The rest of the press release has more misleading information.

Back in August 2000, Daily Variety reported that, "The Cartoon Network scored its best numbers ever last week, tying for first place in primetime among all cable networks with an eye-opening 2.1 rating in cable homes."

Compare that to May, where for one week, they could only get a 2 hour block up to a 1.8 with the rest of primetime even further down. (And another annoying comparison of a special program to a non-special program in a slot a year ago.)

Yes, they won one week but lost the month and their position.

To be fair, Sweep months, such as May, are not for Cable Networks. We would expect them to get better ratings in non-Sweep months (especially with the new, original series they've got coming up).

So, in summation, all the Cartoon Network is claiming is that "Z Day" had great ratings compared to a normal day a year ago and that their Day schedule in May (which included over half a month of Toonami) also did better than a year ago.

(In July, another press release had even more misleading information but it did not concern Toonami. The network boasted of more daytime gains but at the expense of cannibalizing their primetime repeats & home video sales of their original shows.)
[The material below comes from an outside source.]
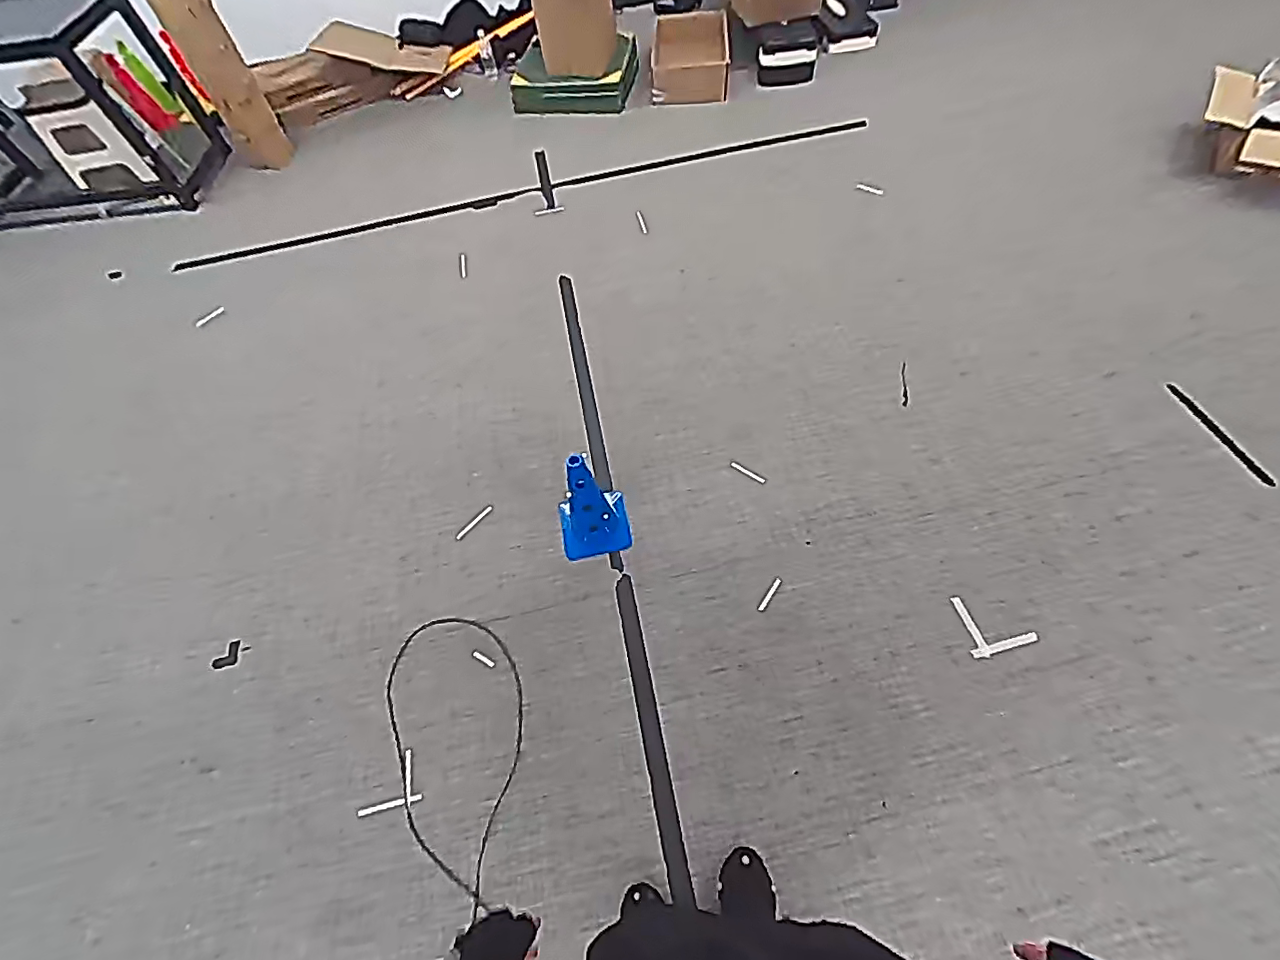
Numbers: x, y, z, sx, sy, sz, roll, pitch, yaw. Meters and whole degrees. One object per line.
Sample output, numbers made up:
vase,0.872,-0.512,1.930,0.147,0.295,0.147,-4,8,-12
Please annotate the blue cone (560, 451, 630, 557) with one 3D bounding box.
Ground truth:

We wonder why this press release was ever written. Generally, they are ignored by media buyers (the people who buy commercial time for advertising agencies) and are usually directed at the public-at-large via the consumer press (you know, normal newspapers).

Such press releases are meant to put the best face on a bad situation and to spin public perception to sample a network. In other words, to give you the impression, "Look at what all these other people are watching! It must be good! You're missing out on something!" The movie companies do the same thing when they advertise, "The Number One Comedy In America!" (even though it maybe only 3rd or 4th because some action, special effects or dramas are doing better).
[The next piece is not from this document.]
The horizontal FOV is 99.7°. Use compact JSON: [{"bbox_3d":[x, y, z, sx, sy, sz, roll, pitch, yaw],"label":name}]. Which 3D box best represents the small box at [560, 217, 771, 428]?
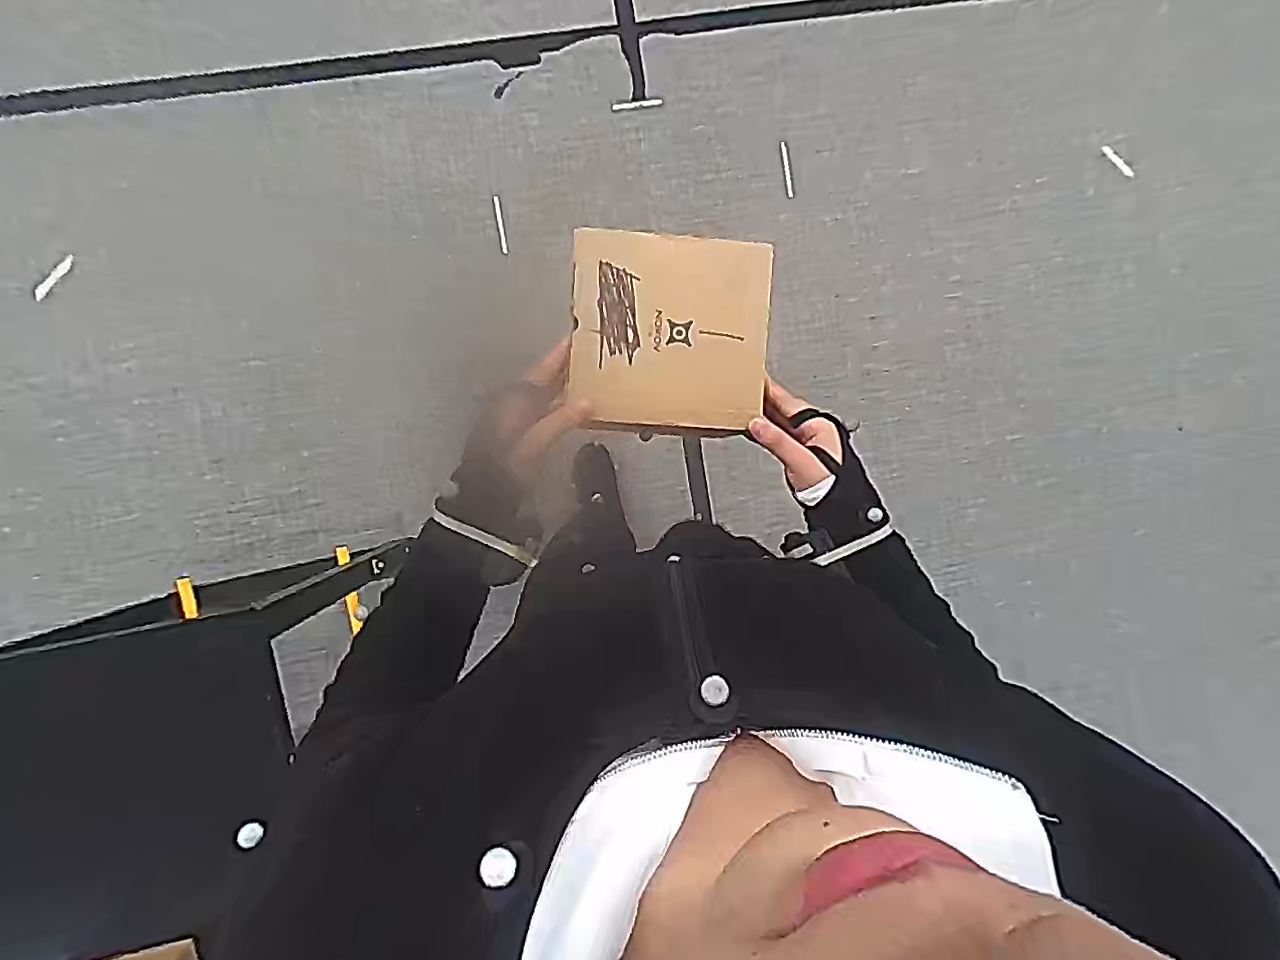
[{"bbox_3d":[0.018,-0.143,0.549,0.179,0.176,0.168,3,93,-4],"label":"small box"}]

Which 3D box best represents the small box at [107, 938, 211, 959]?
[{"bbox_3d":[-0.645,0.705,0.639,0.179,0.176,0.168,-12,94,-5],"label":"small box"}]

But we could not help but notice how this press release wasn't slanted for the public-at-large and instead seemed to make an appeal to current and former Toonami viewers who are online. Other than the anime sites listed at the top of this article we could not find any business or consumer publications or online sites that picked-up this story--probably because they knew better (their reporters could tell how misleading it was) and that it wasn't directed at them. Yet a number of anime online sites did.

It appears to us that the event, "Z Day," and the press release was aimed at the online audience in an attempt to keep Toonami viewers from abandoning the network. WB-TV doesn't want to lose any viewers. It would prefer to wean the audience off of the Japanese shows and onto AOL/Time Warner--owned series. (A desire we understand but are not crazy about.) So to Joseph Swaney, Steve Rice & Courtenay Purcell who wrote the press release, you get an A+.
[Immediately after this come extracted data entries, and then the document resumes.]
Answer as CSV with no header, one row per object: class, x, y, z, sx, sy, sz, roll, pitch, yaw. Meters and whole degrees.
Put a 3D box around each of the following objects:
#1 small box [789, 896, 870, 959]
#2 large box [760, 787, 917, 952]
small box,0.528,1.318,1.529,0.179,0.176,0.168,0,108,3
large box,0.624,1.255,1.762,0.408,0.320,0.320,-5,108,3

But we are not here to cover such a story nor to critique anime news sites. In fact, we have otherwise loved the coverage on other sites and have found most of them very useful.

However, in this one particular instance, this press release was an attempt (and a successful one at that) to help mislead the online anime community--making our lives a little harder. (Some fans don't understand what's happening at the network and why we have to find another one.)

So what we'd like to suggest is that anime news websites should consider what a press release claims. Be careful of the headline you choose and why not offer some analysis? Likewise, we would like to suggest that fans consider what it is they're reading, whom it comes from and why.

We hope that the Cartoon Network changes its programming and scheduling so that Toonami could grow again.

We would like to thank the companies & individuals which provided us with the data for this story, and understandably, do not wish to be identified. However, a surprising amount of Nielsen ratings has been published and can be used to ascertain just which network is ahead or behind for almost any time of day or night. Other networks can be just as misleading in their press releases, so we would recommend taking a hard look at just which claims are being made.